CIT 2341 - Introduction to Crime Mapping Study Notes
CIT 2341 - Introduction to Crime Mapping
Key Concepts of Crime and Crime Mapping
- Definition of Crime: Breach of criminal law defined by a geographical area; encompasses four dimensions: legal, victim, offender, and spatial.
- Definition of Mapping: Representation of geographic data; includes crime and demographic data used for various purposes like navigation and policing.
Crime Mapping Overview
- Utilizes spatial technology to analyze crime patterns.
- Answers critical questions about crime location and resource allocation.
- Goals: identify trends, allocate resources, predictive policing, evidence-based decision making, and improve safety.
- Process involves data collection, cleaning, analysis, visualization, dissemination, and monitoring.
History of Crime Mapping
- Example: John Snow's cholera mapping in 1854 demonstrated early use of data visualization in mapping public health issues.
- Definition: A set of tools for capturing, storing, analyzing, and displaying spatial data.
- Purpose: Contains data, maps, and analysis tools for geographic problem-solving.

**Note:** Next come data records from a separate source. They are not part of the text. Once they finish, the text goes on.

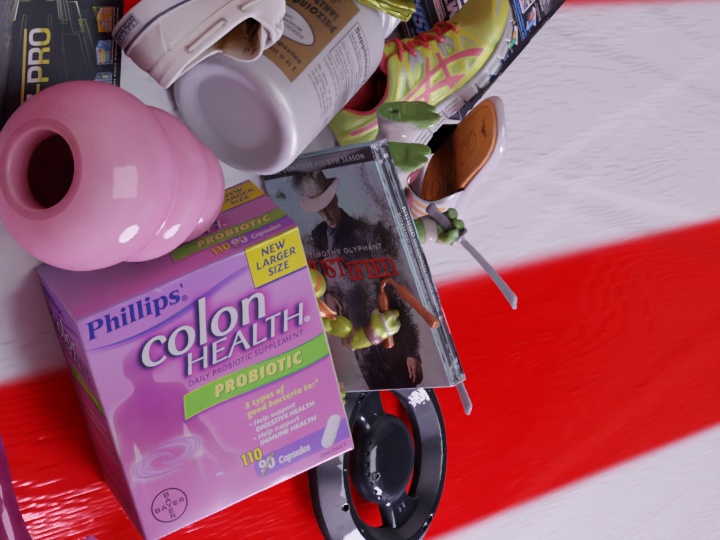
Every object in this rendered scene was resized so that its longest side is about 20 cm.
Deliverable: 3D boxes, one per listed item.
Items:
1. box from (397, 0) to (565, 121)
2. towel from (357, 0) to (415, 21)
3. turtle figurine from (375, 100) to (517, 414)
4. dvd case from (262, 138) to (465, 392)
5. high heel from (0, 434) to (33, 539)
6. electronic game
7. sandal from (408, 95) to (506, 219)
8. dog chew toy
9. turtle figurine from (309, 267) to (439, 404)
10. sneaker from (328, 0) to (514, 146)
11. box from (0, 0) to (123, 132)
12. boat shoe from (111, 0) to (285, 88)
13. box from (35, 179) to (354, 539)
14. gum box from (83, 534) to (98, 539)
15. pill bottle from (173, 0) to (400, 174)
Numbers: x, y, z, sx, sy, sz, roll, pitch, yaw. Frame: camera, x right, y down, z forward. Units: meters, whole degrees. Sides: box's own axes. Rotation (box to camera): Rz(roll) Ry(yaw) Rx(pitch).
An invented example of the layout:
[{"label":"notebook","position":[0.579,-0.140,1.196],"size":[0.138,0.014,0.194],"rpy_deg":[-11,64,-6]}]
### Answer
[{"label":"box","position":[0.098,-0.271,1.892],"size":[0.199,0.049,0.201],"rpy_deg":[-49,134,-33]},{"label":"towel","position":[0.002,-0.287,1.669],"size":[0.086,0.018,0.201],"rpy_deg":[21,48,-30]},{"label":"turtle figurine","position":[0.058,-0.027,1.740],"size":[0.144,0.199,0.195],"rpy_deg":[-33,138,-38]},{"label":"dvd case","position":[0.000,0.000,1.691],"size":[0.022,0.145,0.201],"rpy_deg":[-26,103,-38]},{"label":"high heel","position":[-0.249,0.161,1.495],"size":[0.200,0.067,0.096],"rpy_deg":[53,53,-37]},{"label":"electronic game","position":[0.017,0.166,1.888],"size":[0.199,0.041,0.202],"rpy_deg":[-1,91,-54]},{"label":"sandal","position":[0.068,-0.095,1.829],"size":[0.059,0.207,0.080],"rpy_deg":[3,66,-16]},{"label":"dog chew toy","position":[-0.160,-0.060,1.441],"size":[0.200,0.124,0.126],"rpy_deg":[7,93,-63]},{"label":"turtle figurine","position":[-0.039,0.051,1.680],"size":[0.162,0.199,0.065],"rpy_deg":[96,17,-50]},{"label":"sneaker","position":[0.049,-0.171,1.790],"size":[0.090,0.078,0.200],"rpy_deg":[44,81,-24]},{"label":"box","position":[-0.230,-0.160,1.448],"size":[0.161,0.049,0.202],"rpy_deg":[-9,107,-52]},{"label":"boat shoe","position":[-0.090,-0.181,1.529],"size":[0.070,0.071,0.200],"rpy_deg":[51,41,5]},{"label":"box","position":[-0.118,0.066,1.560],"size":[0.175,0.097,0.201],"rpy_deg":[-23,120,-16]},{"label":"gum box","position":[-0.199,0.293,1.529],"size":[0.114,0.066,0.201],"rpy_deg":[-52,162,-31]},{"label":"pill bottle","position":[-0.046,-0.175,1.651],"size":[0.200,0.114,0.115],"rpy_deg":[-50,135,-37]}]
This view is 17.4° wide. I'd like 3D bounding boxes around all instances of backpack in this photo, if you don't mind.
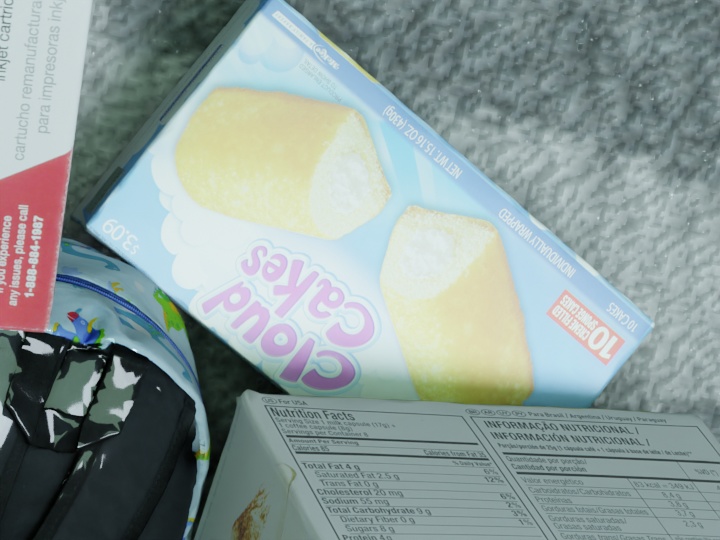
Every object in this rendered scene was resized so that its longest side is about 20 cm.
[{"bbox_3d":[-0.137,0.085,0.865,0.162,0.154,0.201,20,123,-14],"label":"backpack"}]

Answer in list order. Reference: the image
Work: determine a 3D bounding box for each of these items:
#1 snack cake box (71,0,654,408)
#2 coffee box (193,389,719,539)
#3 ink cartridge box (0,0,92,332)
[{"bbox_3d":[0.000,0.000,0.919,0.200,0.067,0.115,40,86,-12],"label":"snack cake box"},{"bbox_3d":[0.048,0.180,0.830,0.199,0.198,0.201,4,121,-27],"label":"coffee box"},{"bbox_3d":[-0.192,-0.067,0.763,0.198,0.084,0.145,6,124,-10],"label":"ink cartridge box"}]
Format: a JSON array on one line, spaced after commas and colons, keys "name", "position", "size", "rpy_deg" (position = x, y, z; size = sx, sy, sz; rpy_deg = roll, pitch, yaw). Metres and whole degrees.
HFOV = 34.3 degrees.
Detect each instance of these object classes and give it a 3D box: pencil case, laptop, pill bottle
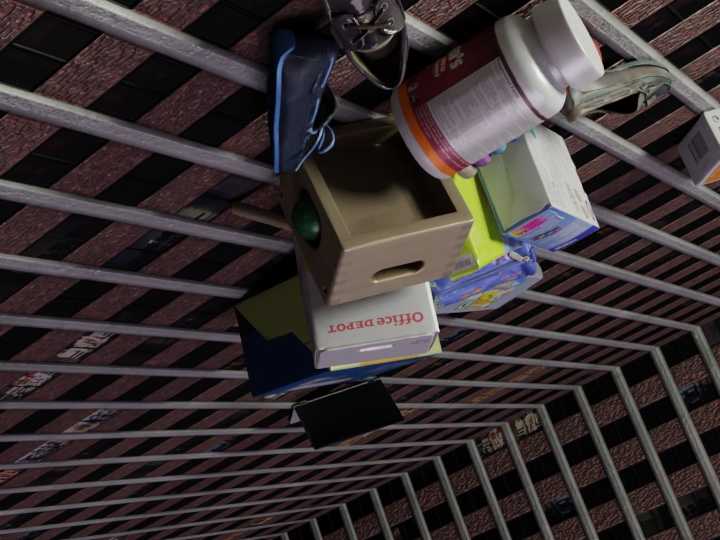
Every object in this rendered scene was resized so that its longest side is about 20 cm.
[{"name": "pencil case", "position": [0.175, -0.001, 1.765], "size": [0.197, 0.079, 0.087], "rpy_deg": [-20, -169, -5]}, {"name": "laptop", "position": [-0.032, 0.296, 2.295], "size": [0.184, 0.118, 0.201], "rpy_deg": [-16, 161, -14]}, {"name": "pill bottle", "position": [0.137, -0.185, 1.172], "size": [0.198, 0.111, 0.109], "rpy_deg": [-30, 159, 23]}]

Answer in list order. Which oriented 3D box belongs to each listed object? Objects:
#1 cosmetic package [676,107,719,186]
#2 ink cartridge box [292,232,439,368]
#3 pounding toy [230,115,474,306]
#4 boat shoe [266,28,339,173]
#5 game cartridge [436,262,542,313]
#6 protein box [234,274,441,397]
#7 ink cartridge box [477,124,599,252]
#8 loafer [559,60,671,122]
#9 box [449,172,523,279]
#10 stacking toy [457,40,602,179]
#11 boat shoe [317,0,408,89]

- Distinction from Other Systems: Differs from database management systems and CAD by explicitly incorporating geographic analysis.
GIS Applications in Policing
- Assists law enforcement in analyzing crime data and visualizing crime incidents.
- Facilitates resource deployment to crime hotspots.
- Supports functions like incident response and criminal network analysis.
- Combines multiple data sources for a holistic view of criminal activity and evidence-based policing strategies.
GIS and Cybersecurity
- Applications:
- Mapping geographical distribution of cyber attacks.
- Analyzing IP addresses and user patterns.
- Visualizing networks and tracking cybercrime origins.